Updated on November 23, 2014

War on the T-J Connected



I knew who it was as soon as I saw the cloud of dust off to the east. And I knew James would be riding with them. That foolish young pup thought those Brenton boys were someone to look up to, but all they were was Dentonville trash.

I looked over towards the barn and Tom was outside the big doors shading his eyes against the morning sun. He looked up, saw me standing on the porch and nodded. He disappeared back into the gloom of the barn where he had two Henry rifles hidden under the hay. He would be ready. Tom was steady as a rock. It was hard to believe Tom and James were brothers.

My father, big Tom Jackson, bought the two hundred acres where he built the house and barns and claimed another hundred thousand acres by right of possession and sheer will power. He dammed up four runoffs for water holes and developed three good springs. As a result, he had water when no one else did, but he shared it. He was a good neighbor, and people respected him.

He had fought off Indians, weather, and bandits. When rustlers ran off a small herd of cattle, he tracked them down and hung those who survived the gun battle. After that, wiser folks decided to leave the T-J Connected strictly alone.

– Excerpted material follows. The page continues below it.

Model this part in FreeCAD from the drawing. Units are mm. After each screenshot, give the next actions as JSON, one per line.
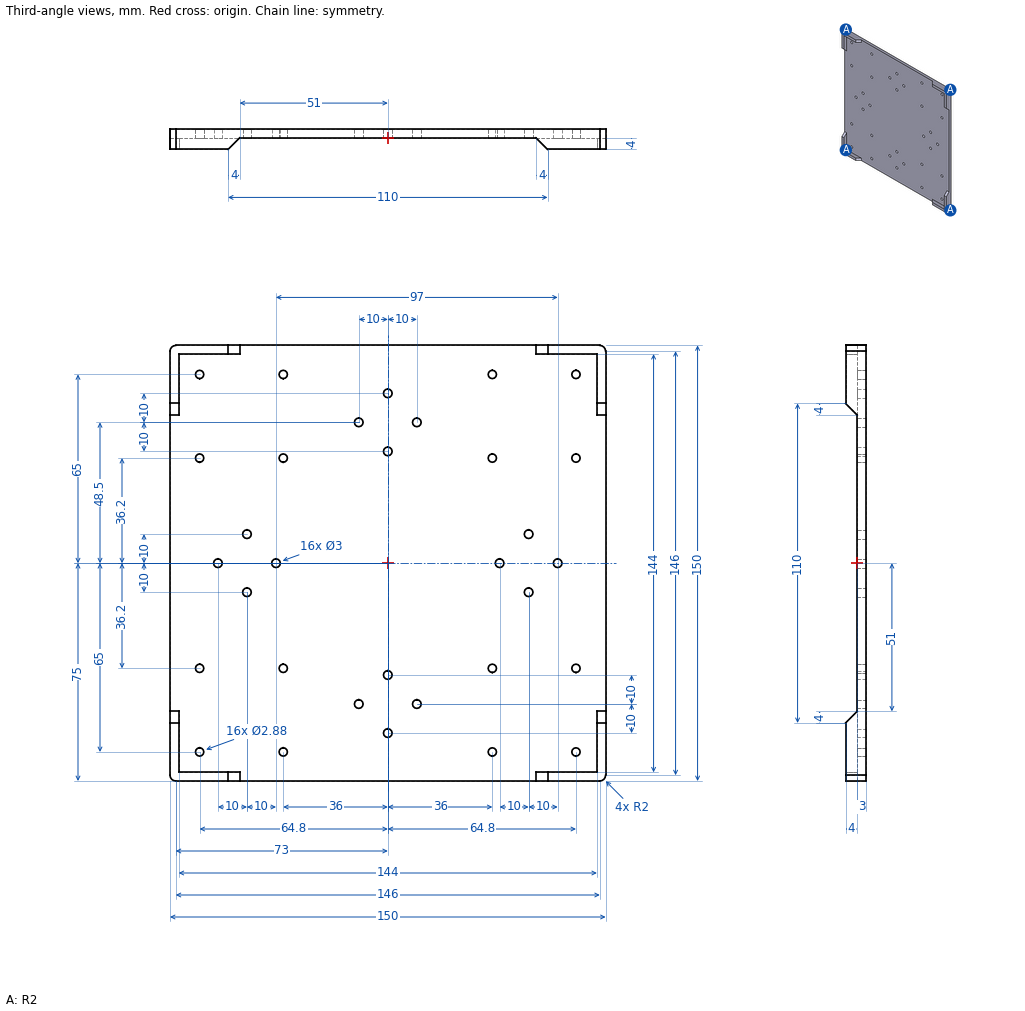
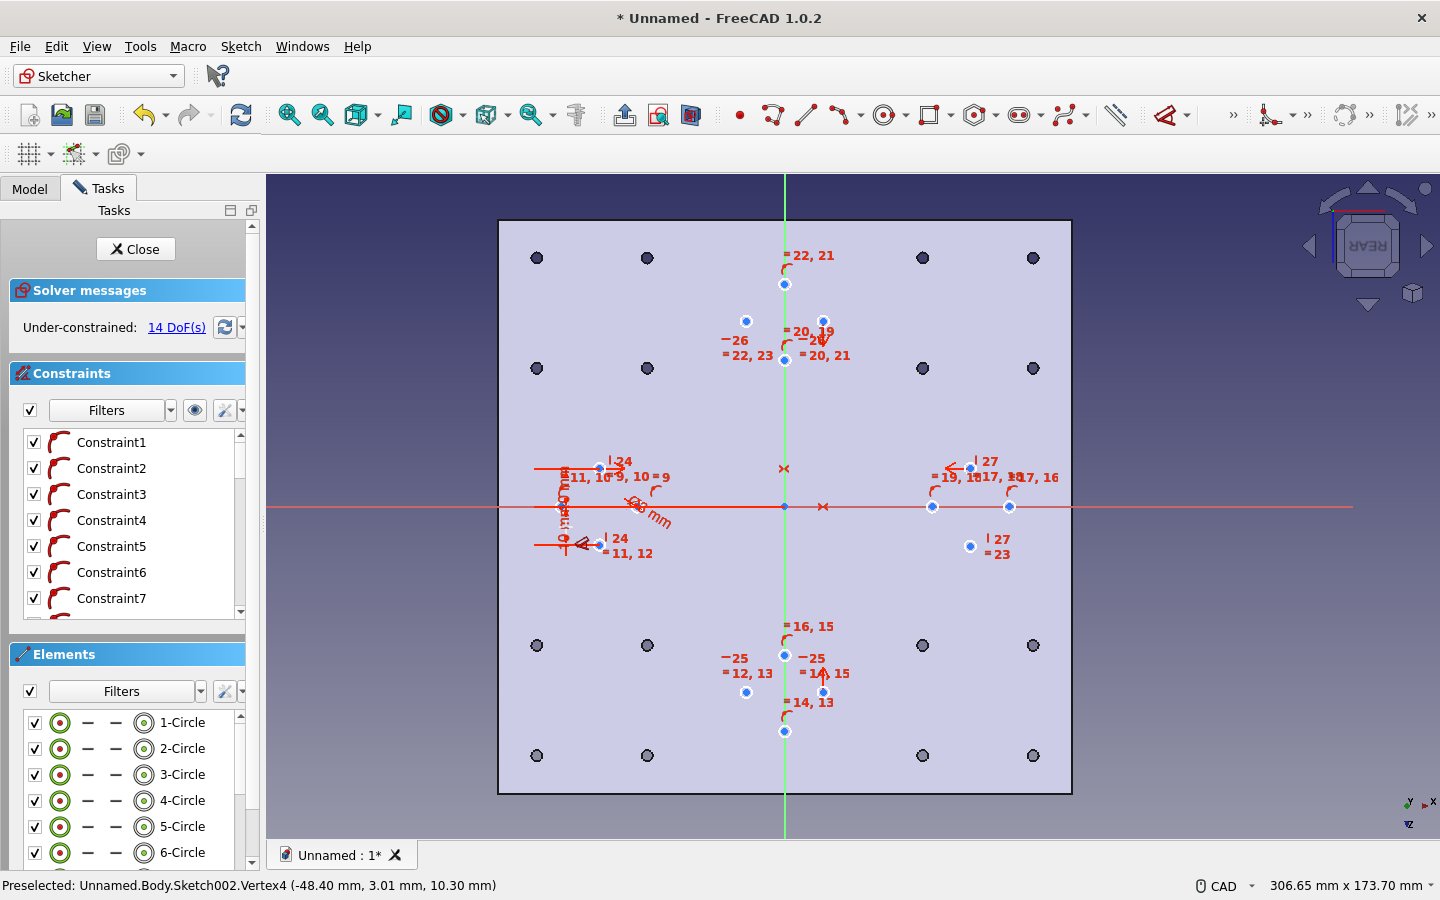
{"action": "left_click", "coordinate": [746, 692]}
{"action": "left_click", "coordinate": [766, 726]}

When I was fourteen, a band of marauders left over from the war rode into the ranch yard and demanded horses and food from Pa. My brother George and I emptied three saddles from the hayloft and Ma blasted the leader with two loads of buckshot from the double-barreled Greener she kept by the stove. The rest wisely raised their hands and Pa fetched some rope from the barn. While he was shaping up a noose, he quietly suggested they might find Missouri more to their liking that time of year. They gathered up their dead and left out of there in a hurry.

George was my older brother, and Pa set a lot of store by him. It was generally accepted that he would inherit being the oldest and all, so I made plans of my own. I wanted to go east to Saint Louis and study for the law. Pa didn’t think much of it at first, but Ma slowly changed his mind, as she was prone to do. She made Pa think it was his idea, and if it was his idea, hell wouldn’t have it until it came to pass.

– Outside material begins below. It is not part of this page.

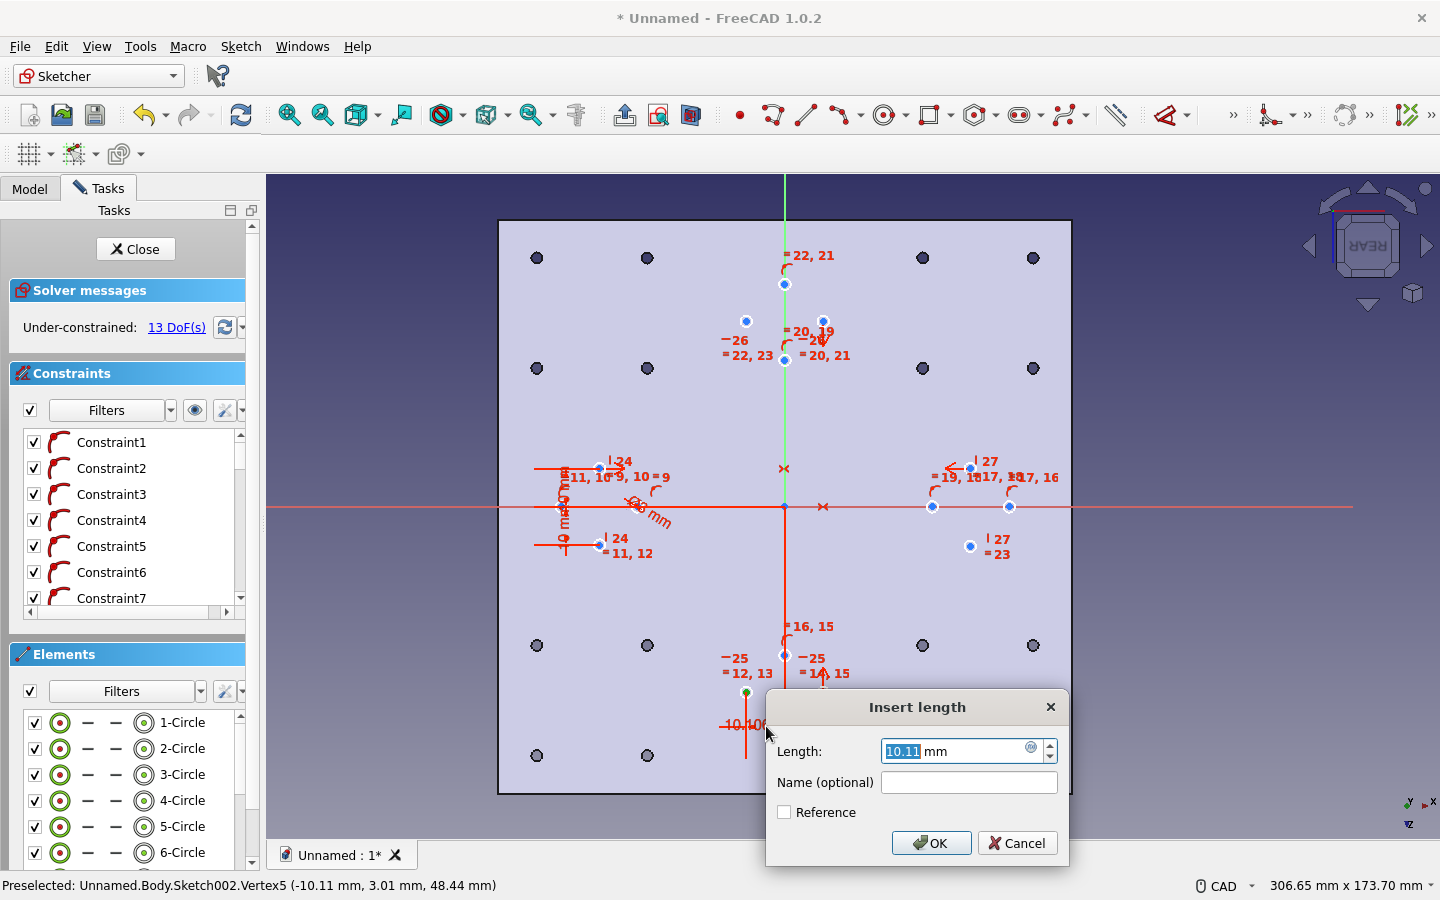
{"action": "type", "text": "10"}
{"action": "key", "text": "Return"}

The dust was nearer now, so I stepped around the corner to the summer kitchen and checked the loads in Ma’s old Greener. I took it back to the front porch and laid it in her favorite flower box where no one could see it. Then I went into the parlor and strapped on my gun belt, checking the loads in my Colts .44. I went back on the porch and looked to the barn. The hay loft doors were now slightly cracked open and I could see the glint of a Henry barrel. Tom was ready.

The summer before I was to go to Saint Louis, we had rounded up five hundred head of fat cattle, and got them ready to drive to the railhead by Santa Fe. I had my gear packed and ready for the drive, but Pa had different plans, and he took me aside.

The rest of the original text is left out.